FIG. 5 is a perspective view of a strip according to a second embodiment of the present invention.

FIG. 6 is a partial perspective view of a support grid according to a third embodiment of the present invention.

FIG. 7 is a vertical sectional view of a strap and a dimple according to a third embodiment of the present invention.

FIG. 8 is a partial perspective view of a support grid to which a modification of the third embodiment of the present invention is applied.

FIG. 9 is a partial perspective view of a support grid to which another modification of the third embodiment of the present invention is applied.

[Explanation of symbols]

10 ... Fuel rod, 20 ... Support grid, 22 ... Strap (supporting part), 23 ... Dimple (supporting part), 40 ... Groove (swirl flow generating means), 41 ... Projection (swirl flow generating means), 50 ...
Band (swirl flow generation means)

Claims (5)

[Claims] 1. A plurality of support grids arranged at intervals, and a grid which is inserted into each square space of the support grid and is supported by a support portion of each support grid so as to be parallel to each other. A plurality of fuel rods arranged in a line, and a fuel assembly of a nuclear reactor in which cooling water is caused to flow from one end side to the other end side in the axial direction of the plurality of fuel rods, wherein the fuel rods are A fuel assembly of a nuclear reactor comprising a swirl flow generating means for generating a swirl flow in the cooling water. 2. The fuel assembly for a nuclear reactor according to claim 1, wherein the swirl flow generating means is a spiral groove or a ridge formed on an outer peripheral surface of the fuel rod. 3. A plurality of support grids arranged at intervals, and a grid that is inserted into each square space of the support grid and supported by a support portion of each support grid, so that the grids are parallel to each other.
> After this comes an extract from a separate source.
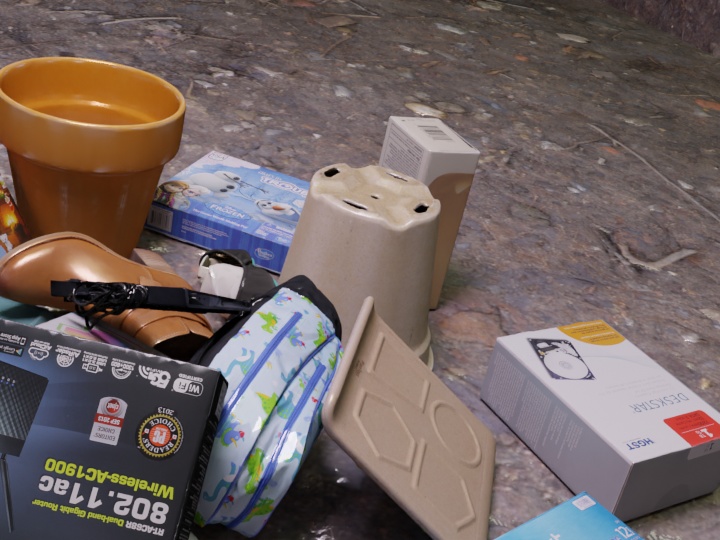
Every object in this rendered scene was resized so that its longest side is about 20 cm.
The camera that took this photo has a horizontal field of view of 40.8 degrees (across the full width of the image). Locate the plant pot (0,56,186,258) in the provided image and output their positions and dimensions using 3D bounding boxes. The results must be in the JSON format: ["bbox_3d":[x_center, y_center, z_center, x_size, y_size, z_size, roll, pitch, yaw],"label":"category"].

A plurality of fuel rods arranged in a line, wherein a cooling water is flown from one end side in the axial direction of the plurality of fuel rods toward the other end side, A fuel assembly for a nuclear reactor, characterized in that a swirl flow generating means for generating a swirl flow in the cooling water is disposed therebetween. 4. The fuel assembly for a nuclear reactor according to claim 3, wherein the swirl flow generating means is a strip-shaped body that is helically twisted about an axis parallel to the fuel rod. 5. A plurality of support grids arranged at intervals, and a grid that is inserted into each square space of the support grid and supported by a support portion of each support grid so that the grids are parallel to each other. A plurality of fuel rods arranged in a line, and a fuel assembly of a nuclear reactor in which cooling water is flowed from one end side to the other end side in the axial direction of the plurality of fuel rods, wherein the support portion is A dimple consisting of a leaf spring formed at an intermediate portion in the thickness direction of the support grid and a leaf spring formed at both ends in the thickness direction, wherein the strap and / or the dimple is A fuel assembly for a nuclear reactor, wherein the fuel assembly extends obliquely with respect to the flow direction of the cooling water to generate a swirling flow in the cooling water.